Apr 13, 2008


I drove out to the Antelope Valley California Poppy Reserve. From a distance it looked like a monstrous chemical spill. The poppies were everywhere, inside the reserve and outside of it. Once I got there I was surprised how many people were there. Fortunately the many windy trails did a pretty good job dispersing the crowd. Of course everyone and their grandmother were carrying cameras. Me too of course: just another camera wielding lemming.
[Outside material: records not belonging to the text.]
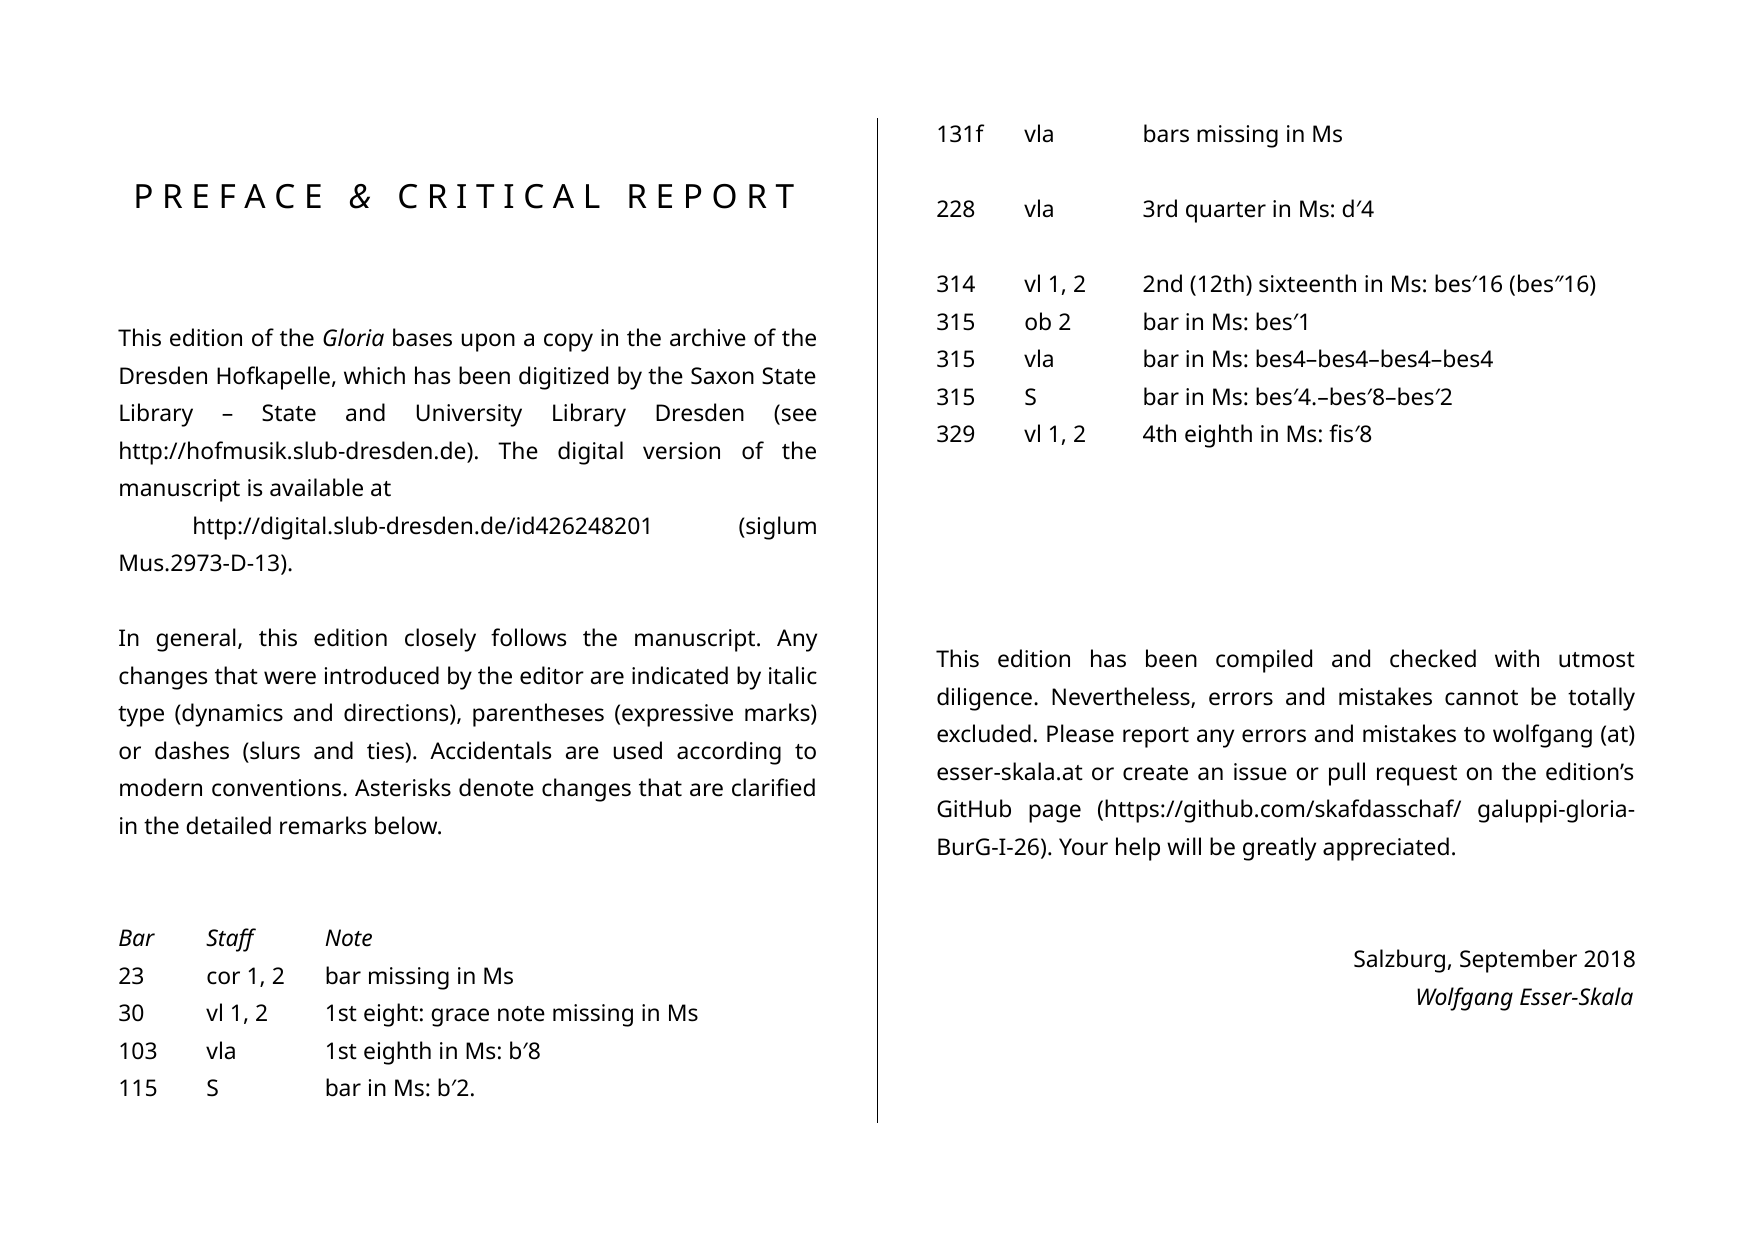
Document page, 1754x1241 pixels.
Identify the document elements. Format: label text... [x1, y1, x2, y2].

text 131f vla bars missing in Ms 228 vla 3rd quarter in Ms: d′4 314 vl 1, 2 2nd (12th) sixteenth in Ms: bes′16 (bes″16) 315 ob 2 bar in Ms: bes′1 315 vla bar in Ms: bes4–bes4–bes4–bes4 315 S bar in Ms: bes′4.–bes′8–bes′2 329 vl 1, 2 4th eighth in Ms: fis′8 [936, 118, 1636, 637]
text Bar Staff Note 23 cor 1, 2 bar missing in Ms 30 vl 1, 2 1st eight: grace note missing in Ms 103 vla 1st eighth in Ms: b′8 115 S bar in Ms: b′2. [118, 922, 818, 1104]
text This edition has been compiled and checked with utmost diligence. Nevertheless, errors and mistakes cannot be totally excluded. Please report any errors and mistakes to wolfgang (at) esser-skala.at or create an issue or pull request on the edition’s GitHub page (https://github.com/skafdasschaf/ galuppi-gloria-BurG-I-26). Your help will be greatly appreciated. [936, 643, 1636, 862]
text P R E F A C E & C R I T I C A L R E P O R T [118, 173, 818, 218]
text This edition of the Gloria bases upon a copy in the archive of the Dresden Hofkapelle, which has been digitized by the Saxon State Library – State and University Library Dresden (see http://hofmusik.slub-dresden.de). The digital version of the manuscript is available at [118, 322, 818, 504]
text In general, this edition closely follows the manuscript. Any changes that were introduced by the editor are indicated by italic type (dynamics and directions), parentheses (expressive marks) or dashes (slurs and ties). Accidentals are used according to modern conventions. Asterisks denote changes that are clarified in the detailed remarks below. [118, 622, 818, 841]
text Salzburg, September 2018 Wolfgang Esser-Skala [936, 943, 1636, 1012]
text http://digital.slub-dresden.de/id426248201 (siglum Mus.2973-D-13). [118, 510, 818, 579]

I was pondering about the role of the camera in hour leisure time. There seems to be this pressure to be having "fun" in our free time. The standard monday morning questions in the office are: "What did you do this weekend?" or "How was your weekend?". To the latter I usually reply "short" and that successfully diverts the course, but there is this lingering sense that I'm not utilizing my free time to the fullest, I should have gone bungee jumping, ran a marathon, gone to the beach, to a party, something. Vacations are the same thing in overdrive. If you are out of the office for a week or more you better be traveling or you are a some sort of loser. When we travel there is the pressure to take photographs to prove that we were there, having fun. Sometimes I feel the recording our fun is getting in the way of experiencing it.
I like driving around on little 2-lane highways. It's very relaxing. I saw some sagebrush that from a distance looked like a flock of sheep standing extremely still. Then I realized they were a flock of sheep standing extremely still. They were grazing.


Fred said...

Your comment--"Sometimes I feel the recording our fun is getting in the way of experiencing it."--struck a chord. I used to carry a camera and take numerous photos when on a trip. After awhile I found that I couldn't remember the places I had visited.
I'd take out the slides and didn't recognize the place.

I left the camera at home and find I now have a much better memory "picture" of where I went. While at a viewpoint or a particular scenic spot, I see many people drive up, jump out, take a few phots, get back in, and drive off. I suspect that was me with a camera.

Vanda said...

Yes indeed. The camera has the tendency to became a barrier between the photographer and the world in more ways than one.